Demikian sekilas tentang sistem struktur baru yang diterapkan di bangunan stasiun LRT Palembang, yang terdiri dari kantilever baja dan kolom beton, yang unik adalah cara penyambungannya. Teori yang mendasari bagaimana sistem tersebut telah diungkap secara terbuka pada jurnal ilmiah internasional. Kelihatannya memang simpel, tetapi ternyata tidak banyak dijumpai pada literatur teknik yang ada. Itu semua bisa terjadi karena masalah yang ada dapat ditangani oleh engineer teoritis. Jika tidak, maka tentu saja tidak ada orang lain yang tahu, karena tidak dituliskan. Itulah pentingnya kemampuan menulis bagi seorang engineer. Sesuatu yang sepele, ternyata dapat diungkapkan dalam jurnal ber kelas dunia.
Untuk itu semua, saya mengucapkan terima kasih pada Bapak Sri Yanto, wakil direktur PT. MBBS atas kepercayaan yang diberikan untuk membantu menyelesaikan permasalahan yang timbul pada proyek tersebut.
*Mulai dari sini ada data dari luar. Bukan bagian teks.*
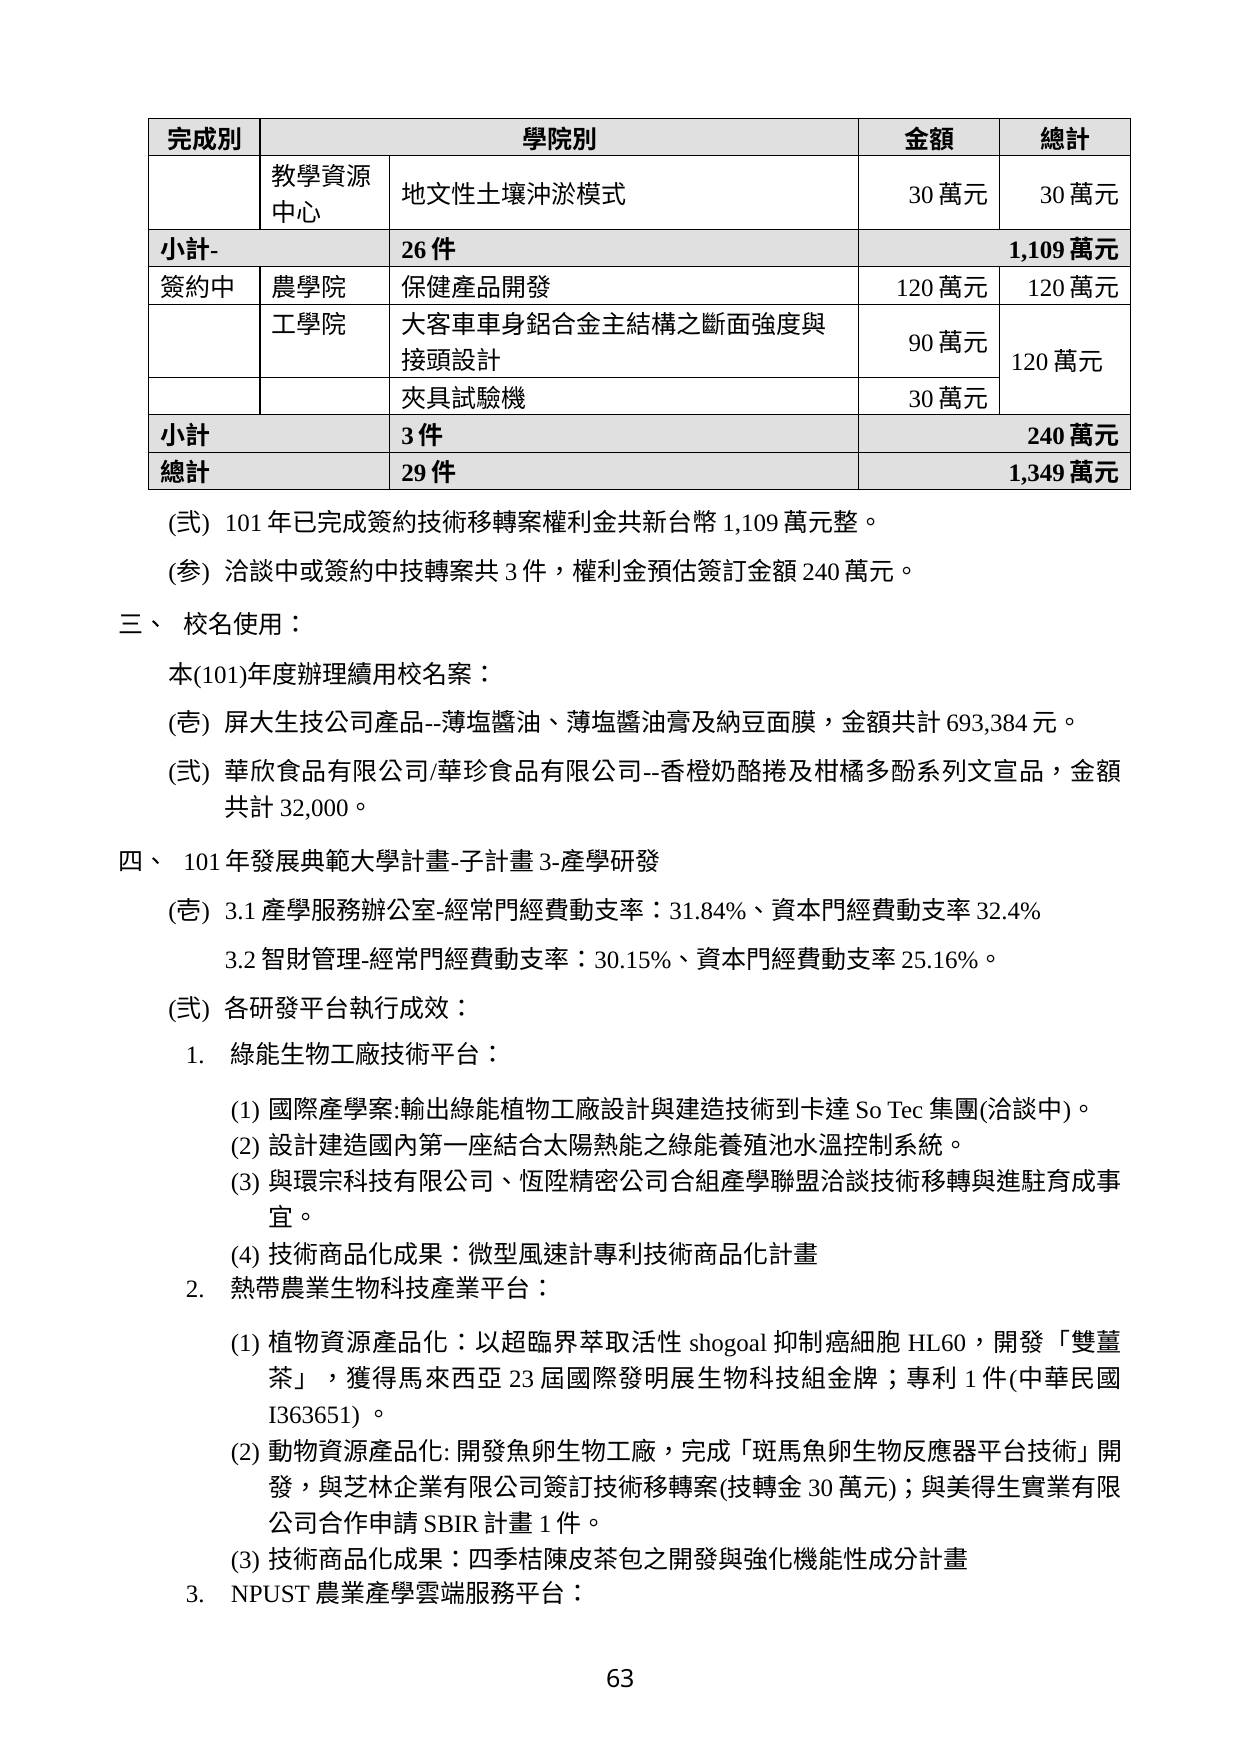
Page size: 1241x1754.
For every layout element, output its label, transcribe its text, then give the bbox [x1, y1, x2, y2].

Ini foto kami bertiga bersama bapak Nyono (site manager PT. MBBS di Palembang) ketika mampir sebentar di dekat proyek, sebelum mengantar pulang ke bandara hari ini.

Atas kelancaran dan kesuksesan pelaksanaan hybrid pier, penulis juga ingin mengucapkan terima kasih kepada Bapak Efendi Djohan (PT. Perencanaan Djaja) dan Prof Iswandi Imran (Pusat Rekayasa Industri ITB), juga Bapak Totok Andi Prasetyo dan Bapak Eddy Prayitno. Semoga Tuhan berkenan membalaskan kebaikan hati bapak-bapak sekalian. Tuhan memberkati.
Mau ikut komen pak
Selama ini slient reader pak
Cemerlang pak wir idenya…
Trims pak
SukaSuka
Thank you pak
SukaSuka
terima kasih pak jurnal ASCEnya langsung sedot heheh
saya g bilang2 org deh heheheh
satu pertanyaan lagi pak untuk di middle segments betonya ada perlakuan khusus tidak pak?
trims pak
salam dr engineer praktisi hehehe
SukaSuka
Wah keren pak, saya orang palembang asli yang sedang bekerja di ibukota.
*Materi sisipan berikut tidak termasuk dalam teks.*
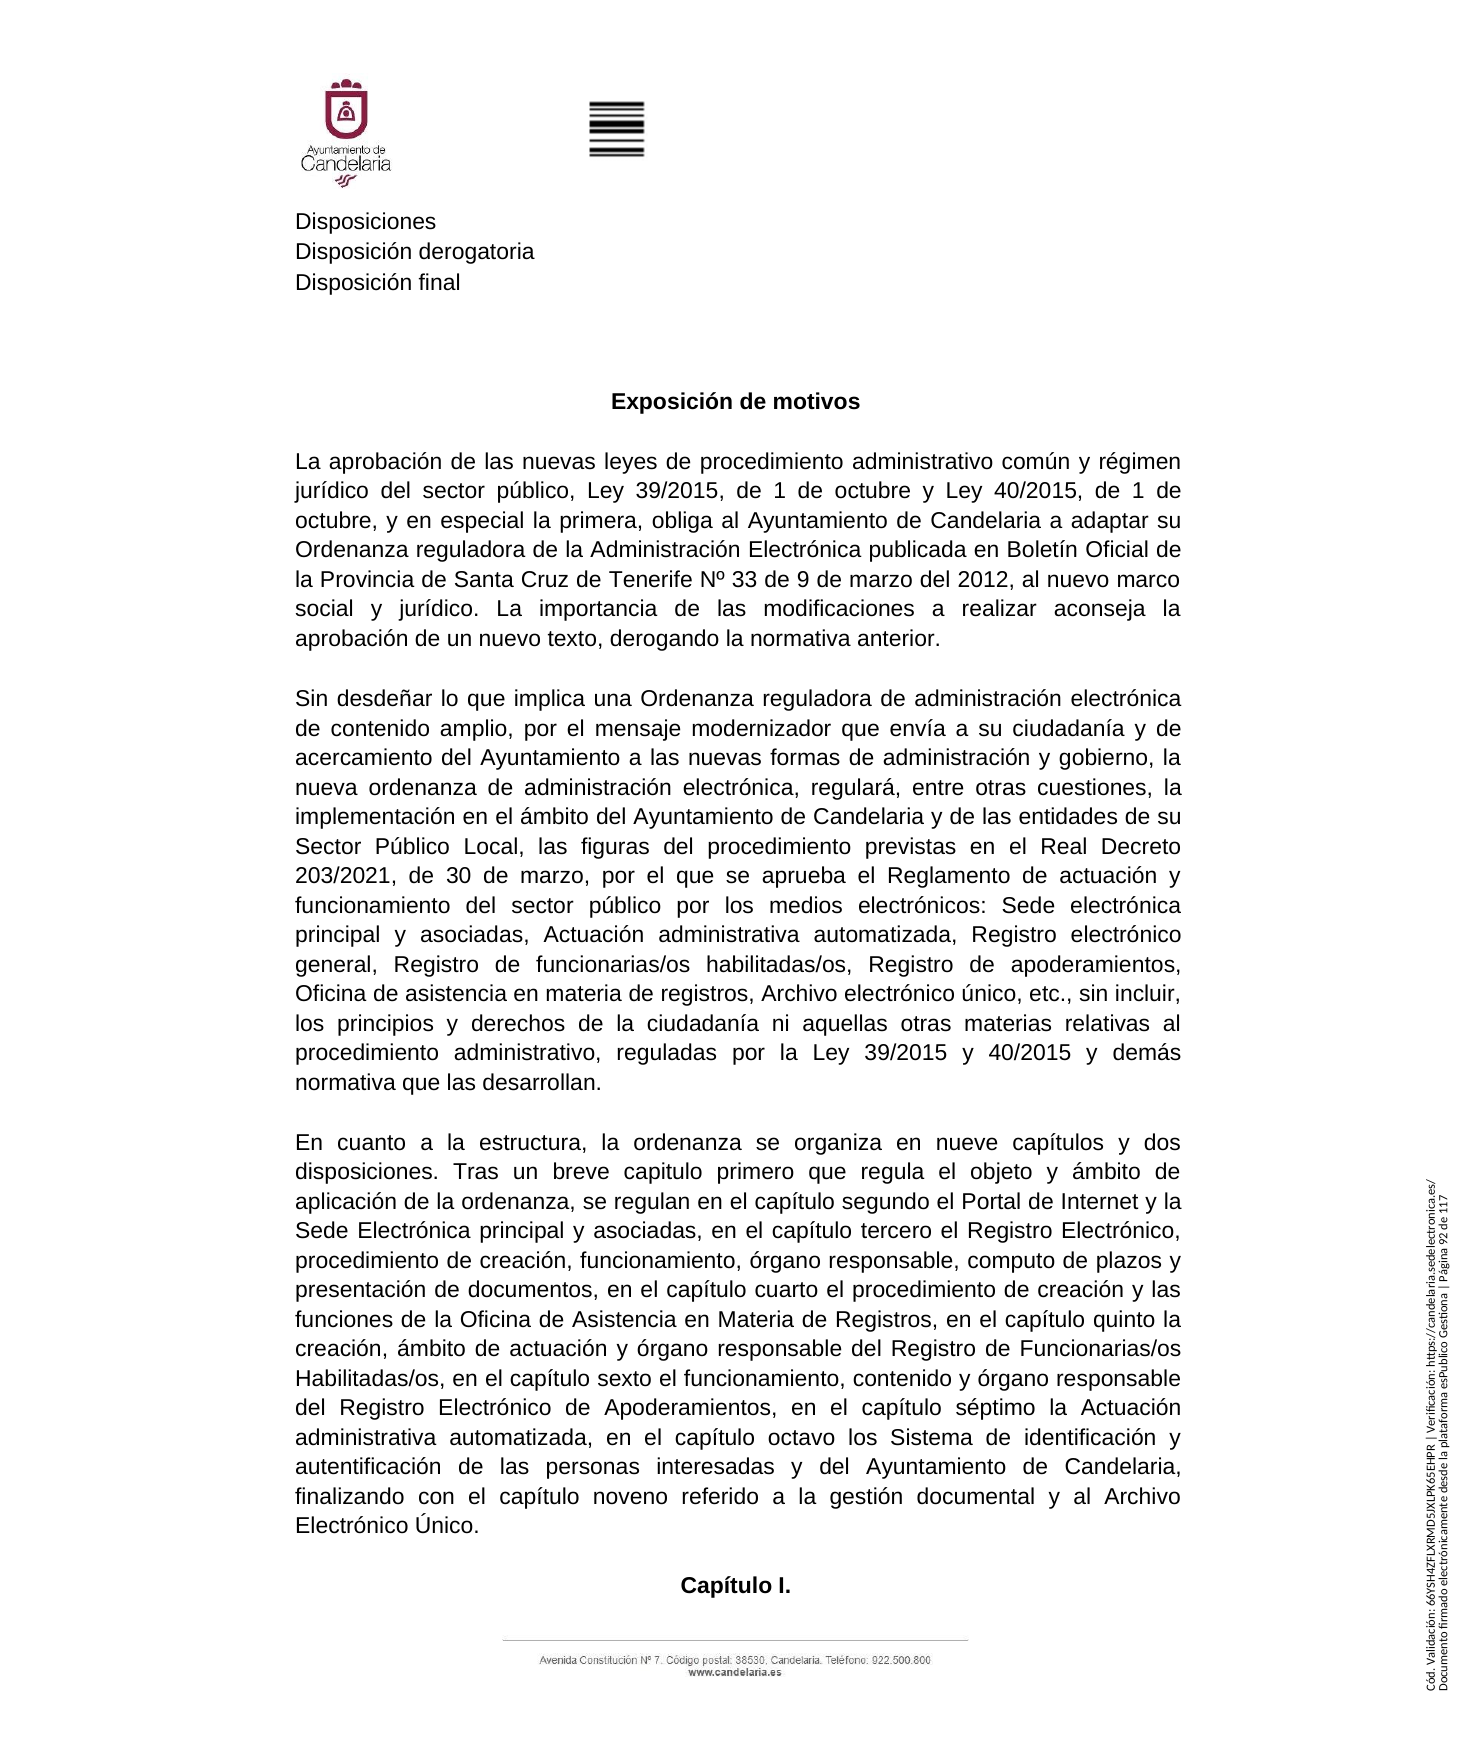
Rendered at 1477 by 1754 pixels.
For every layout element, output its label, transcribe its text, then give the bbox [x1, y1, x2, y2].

Pas ngeliat kantilevernya wah sekali.
Kirain emang desain awal menggunakan kantilever baja pak, ternyata itu hasil karya pak Wir.
Terimakasih pak 😀
SukaSuka
Terima kasih atas apresiasinya. Maklum, konfigurasi kantilever hanya didasarkan pertimbangan kekuatan dan kekakuan, serta kemudahaan pelaksanaan. Jika itu dapat menghasilkan tampilan luar (penampakan) yang dianggap wah. Itu suatu keberuntungan.